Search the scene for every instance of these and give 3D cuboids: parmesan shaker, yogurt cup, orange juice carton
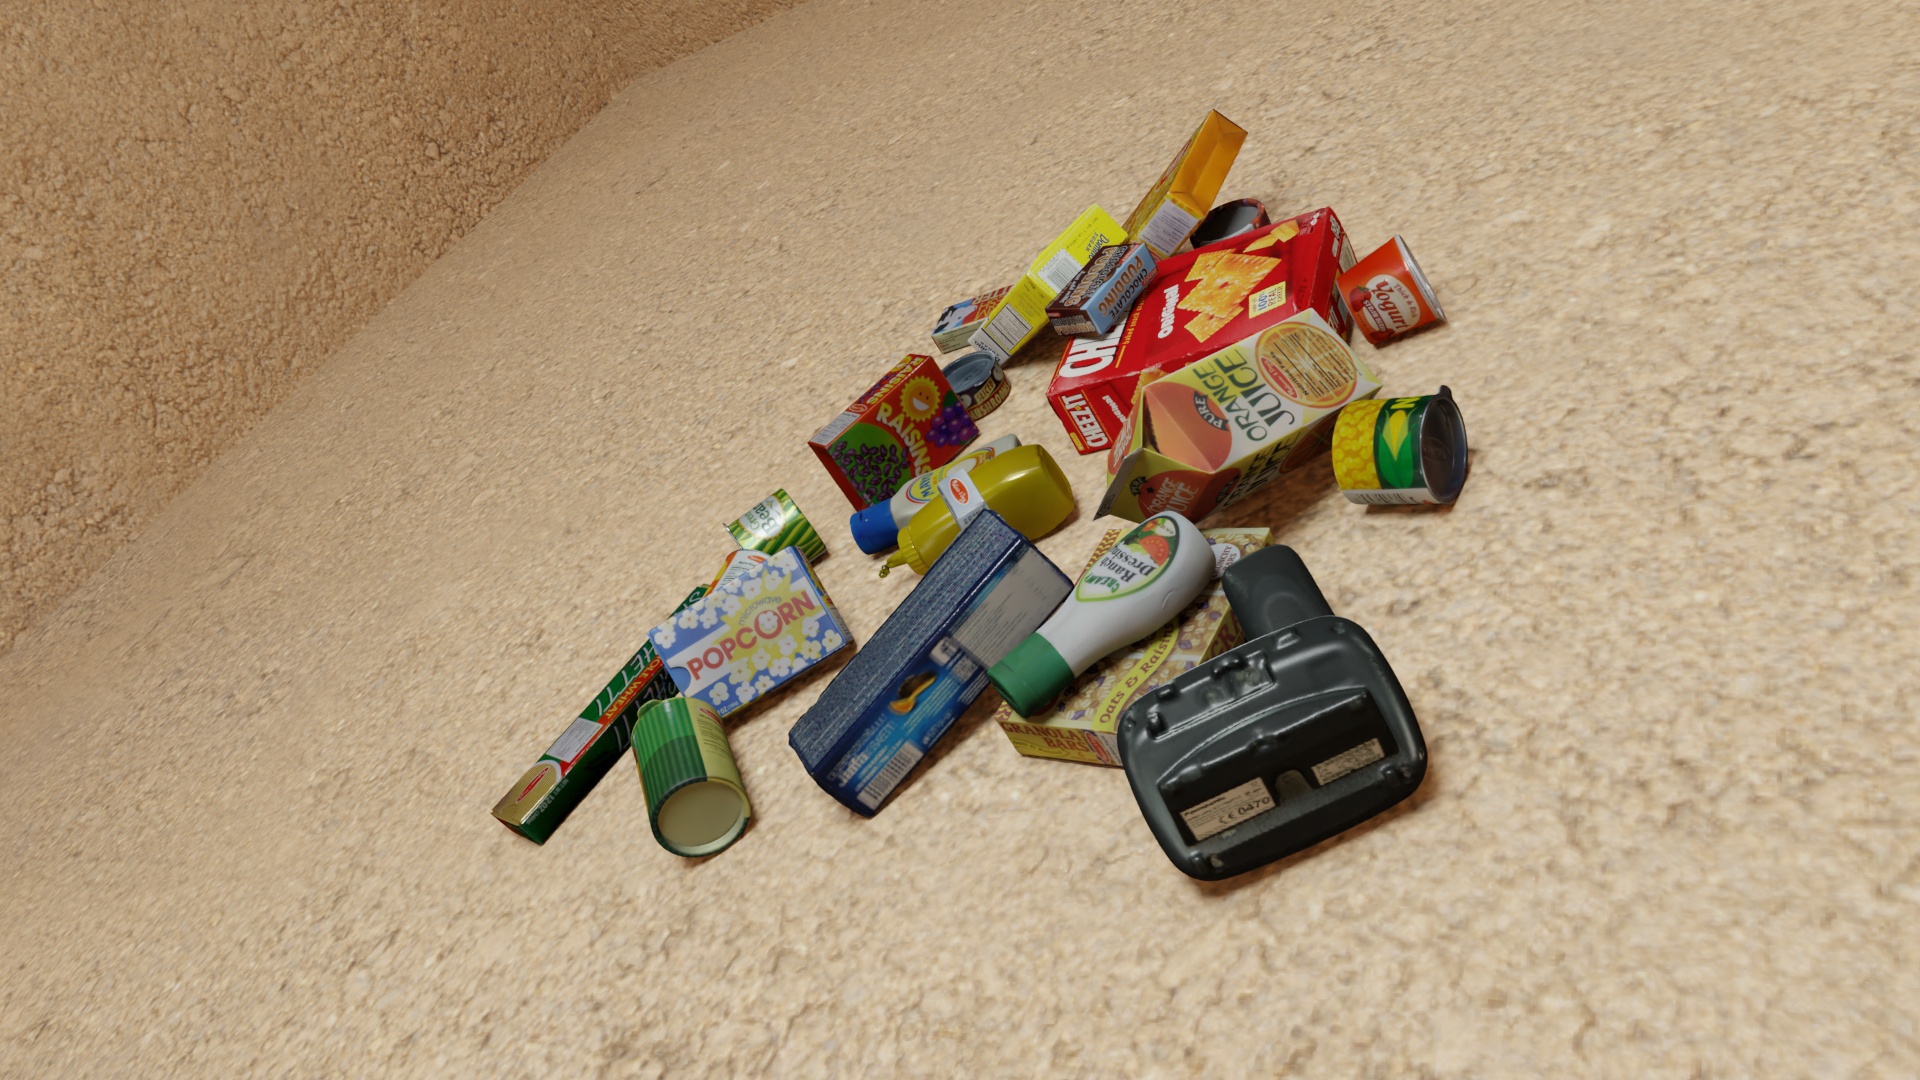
[{"bbox_3d":[-0.188,0.160,0.951,0.071,0.071,0.103,-34,30,-2],"label":"parmesan shaker"},{"bbox_3d":[0.304,-0.176,0.990,0.054,0.072,0.073,-29,30,23],"label":"yogurt cup"},{"bbox_3d":[0.165,-0.069,0.876,0.193,0.071,0.073,-27,69,-26],"label":"orange juice carton"}]

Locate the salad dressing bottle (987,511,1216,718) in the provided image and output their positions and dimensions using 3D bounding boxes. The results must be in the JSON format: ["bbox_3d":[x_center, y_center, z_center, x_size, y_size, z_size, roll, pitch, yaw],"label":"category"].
[{"bbox_3d":[0.082,0.044,0.816,0.148,0.044,0.064,-40,33,-11],"label":"salad dressing bottle"}]

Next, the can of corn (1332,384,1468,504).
[{"bbox_3d":[0.267,-0.057,0.846,0.058,0.071,0.071,-1,43,43],"label":"can of corn"}]

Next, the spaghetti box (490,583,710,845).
[{"bbox_3d":[-0.266,0.132,1.104,0.050,0.028,0.251,6,47,47],"label":"spaghetti box"}]

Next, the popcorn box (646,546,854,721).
[{"bbox_3d":[-0.154,0.071,1.030,0.127,0.085,0.038,-31,-5,3],"label":"popcorn box"}]

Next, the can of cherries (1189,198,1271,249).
[{"bbox_3d":[0.231,-0.244,1.157,0.071,0.058,0.072,-23,32,16],"label":"can of cherries"}]

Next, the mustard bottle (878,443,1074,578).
[{"bbox_3d":[0.004,-0.013,1.033,0.160,0.065,0.049,-27,35,17],"label":"mustard bottle"}]

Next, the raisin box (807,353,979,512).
[{"bbox_3d":[-0.055,-0.087,1.167,0.124,0.086,0.040,-43,27,-17],"label":"raisin box"}]

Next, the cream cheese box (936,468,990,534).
[{"bbox_3d":[0.022,0.006,0.948,0.024,0.103,0.053,-30,31,1],"label":"cream cheese box"}]

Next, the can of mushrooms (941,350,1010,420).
[{"bbox_3d":[0.010,-0.135,1.229,0.071,0.033,0.071,-23,31,15],"label":"can of mushrooms"}]

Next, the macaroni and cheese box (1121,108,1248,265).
[{"bbox_3d":[0.170,-0.270,1.188,0.124,0.040,0.165,-61,7,-34],"label":"macaroni and cheese box"}]

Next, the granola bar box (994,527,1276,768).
[{"bbox_3d":[0.112,0.063,0.847,0.124,0.039,0.166,0,44,42],"label":"granola bar box"}]

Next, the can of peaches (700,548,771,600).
[{"bbox_3d":[-0.168,0.052,1.097,0.071,0.071,0.058,-10,38,34],"label":"can of peaches"}]

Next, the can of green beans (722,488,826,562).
[{"bbox_3d":[-0.153,-0.001,1.155,0.058,0.071,0.071,-37,31,-7],"label":"can of green beans"}]

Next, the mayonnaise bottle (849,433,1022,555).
[{"bbox_3d":[-0.015,-0.032,1.096,0.148,0.041,0.065,-23,34,15],"label":"mayonnaise bottle"}]

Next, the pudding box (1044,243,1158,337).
[{"bbox_3d":[0.111,-0.196,1.089,0.049,0.030,0.084,12,54,51],"label":"pudding box"}]

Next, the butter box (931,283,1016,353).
[{"bbox_3d":[0.026,-0.217,1.340,0.103,0.024,0.053,-14,36,30],"label":"butter box"}]

Problem requirements ▸ Leave images out of the retyped records; keep all else exact.

Response ▸
Search the scene for every instance of these and give 3D cuboids: parmesan shaker, yogurt cup, orange juice carton
[{"bbox_3d":[-0.188,0.160,0.951,0.071,0.071,0.103,-34,30,-2],"label":"parmesan shaker"},{"bbox_3d":[0.304,-0.176,0.990,0.054,0.072,0.073,-29,30,23],"label":"yogurt cup"},{"bbox_3d":[0.165,-0.069,0.876,0.193,0.071,0.073,-27,69,-26],"label":"orange juice carton"}]

Locate the salad dressing bottle (987,511,1216,718) in the provided image and output their positions and dimensions using 3D bounding boxes. The results must be in the JSON format: ["bbox_3d":[x_center, y_center, z_center, x_size, y_size, z_size, roll, pitch, yaw],"label":"category"].
[{"bbox_3d":[0.082,0.044,0.816,0.148,0.044,0.064,-40,33,-11],"label":"salad dressing bottle"}]

Next, the can of corn (1332,384,1468,504).
[{"bbox_3d":[0.267,-0.057,0.846,0.058,0.071,0.071,-1,43,43],"label":"can of corn"}]

Next, the spaghetti box (490,583,710,845).
[{"bbox_3d":[-0.266,0.132,1.104,0.050,0.028,0.251,6,47,47],"label":"spaghetti box"}]

Next, the popcorn box (646,546,854,721).
[{"bbox_3d":[-0.154,0.071,1.030,0.127,0.085,0.038,-31,-5,3],"label":"popcorn box"}]

Next, the can of cherries (1189,198,1271,249).
[{"bbox_3d":[0.231,-0.244,1.157,0.071,0.058,0.072,-23,32,16],"label":"can of cherries"}]

Next, the mustard bottle (878,443,1074,578).
[{"bbox_3d":[0.004,-0.013,1.033,0.160,0.065,0.049,-27,35,17],"label":"mustard bottle"}]

Next, the raisin box (807,353,979,512).
[{"bbox_3d":[-0.055,-0.087,1.167,0.124,0.086,0.040,-43,27,-17],"label":"raisin box"}]

Next, the cream cheese box (936,468,990,534).
[{"bbox_3d":[0.022,0.006,0.948,0.024,0.103,0.053,-30,31,1],"label":"cream cheese box"}]

Next, the can of mushrooms (941,350,1010,420).
[{"bbox_3d":[0.010,-0.135,1.229,0.071,0.033,0.071,-23,31,15],"label":"can of mushrooms"}]

Next, the macaroni and cheese box (1121,108,1248,265).
[{"bbox_3d":[0.170,-0.270,1.188,0.124,0.040,0.165,-61,7,-34],"label":"macaroni and cheese box"}]

Next, the granola bar box (994,527,1276,768).
[{"bbox_3d":[0.112,0.063,0.847,0.124,0.039,0.166,0,44,42],"label":"granola bar box"}]

Next, the can of peaches (700,548,771,600).
[{"bbox_3d":[-0.168,0.052,1.097,0.071,0.071,0.058,-10,38,34],"label":"can of peaches"}]

Next, the can of green beans (722,488,826,562).
[{"bbox_3d":[-0.153,-0.001,1.155,0.058,0.071,0.071,-37,31,-7],"label":"can of green beans"}]

Next, the mayonnaise bottle (849,433,1022,555).
[{"bbox_3d":[-0.015,-0.032,1.096,0.148,0.041,0.065,-23,34,15],"label":"mayonnaise bottle"}]

Next, the pudding box (1044,243,1158,337).
[{"bbox_3d":[0.111,-0.196,1.089,0.049,0.030,0.084,12,54,51],"label":"pudding box"}]

Next, the butter box (931,283,1016,353).
[{"bbox_3d":[0.026,-0.217,1.340,0.103,0.024,0.053,-14,36,30],"label":"butter box"}]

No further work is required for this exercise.